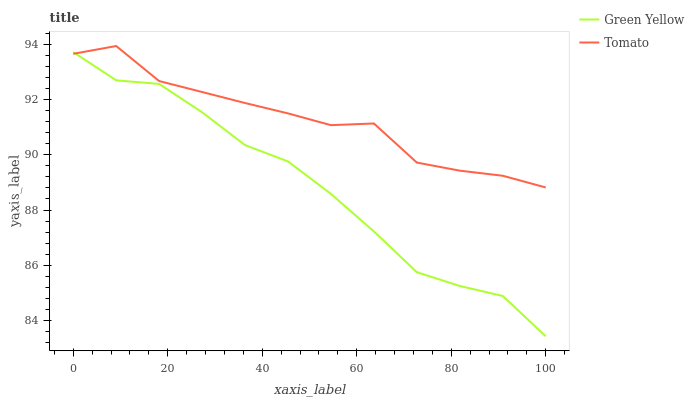Does Green Yellow have the minimum area under the curve?
Answer yes or no. Yes. Does Tomato have the maximum area under the curve?
Answer yes or no. Yes. Does Green Yellow have the maximum area under the curve?
Answer yes or no. No. Is Green Yellow the smoothest?
Answer yes or no. Yes. Is Tomato the roughest?
Answer yes or no. Yes. Is Green Yellow the roughest?
Answer yes or no. No. Does Green Yellow have the lowest value?
Answer yes or no. Yes. Does Tomato have the highest value?
Answer yes or no. Yes. Does Green Yellow have the highest value?
Answer yes or no. No. Does Tomato intersect Green Yellow?
Answer yes or no. Yes. Is Tomato less than Green Yellow?
Answer yes or no. No. Is Tomato greater than Green Yellow?
Answer yes or no. No. 
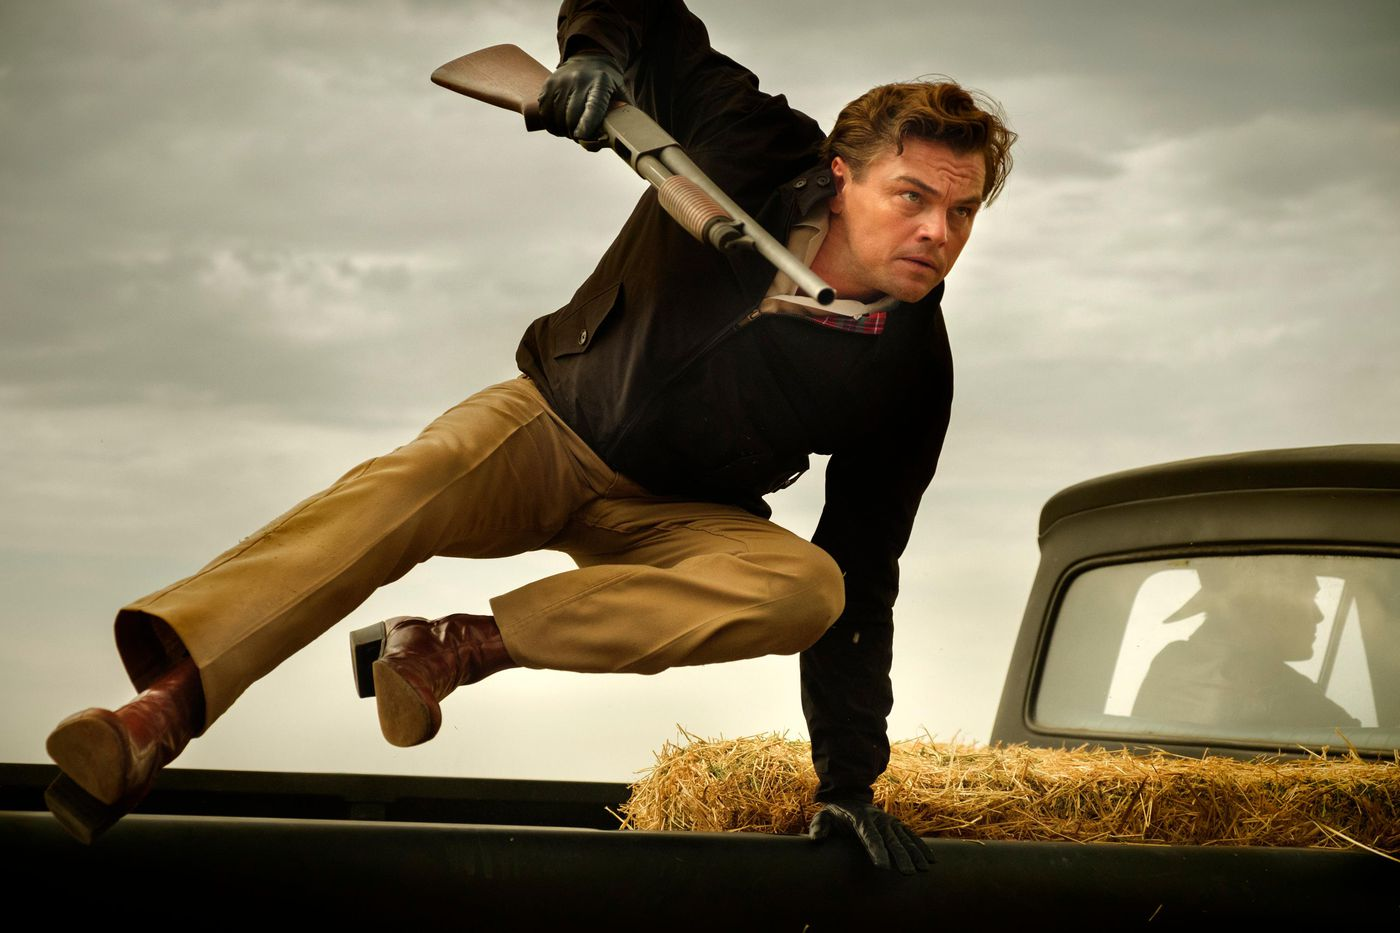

⁂

_Directions_. Could you copy the data above exactly, leaving the pictures out?

_Exercise output_.
Does Green Yellow have the minimum area under the curve?
Answer yes or no. Yes. Does Tomato have the maximum area under the curve?
Answer yes or no. Yes. Does Green Yellow have the maximum area under the curve?
Answer yes or no. No. Is Green Yellow the smoothest?
Answer yes or no. Yes. Is Tomato the roughest?
Answer yes or no. Yes. Is Green Yellow the roughest?
Answer yes or no. No. Does Green Yellow have the lowest value?
Answer yes or no. Yes. Does Tomato have the highest value?
Answer yes or no. Yes. Does Green Yellow have the highest value?
Answer yes or no. No. Does Tomato intersect Green Yellow?
Answer yes or no. Yes. Is Tomato less than Green Yellow?
Answer yes or no. No. Is Tomato greater than Green Yellow?
Answer yes or no. No. 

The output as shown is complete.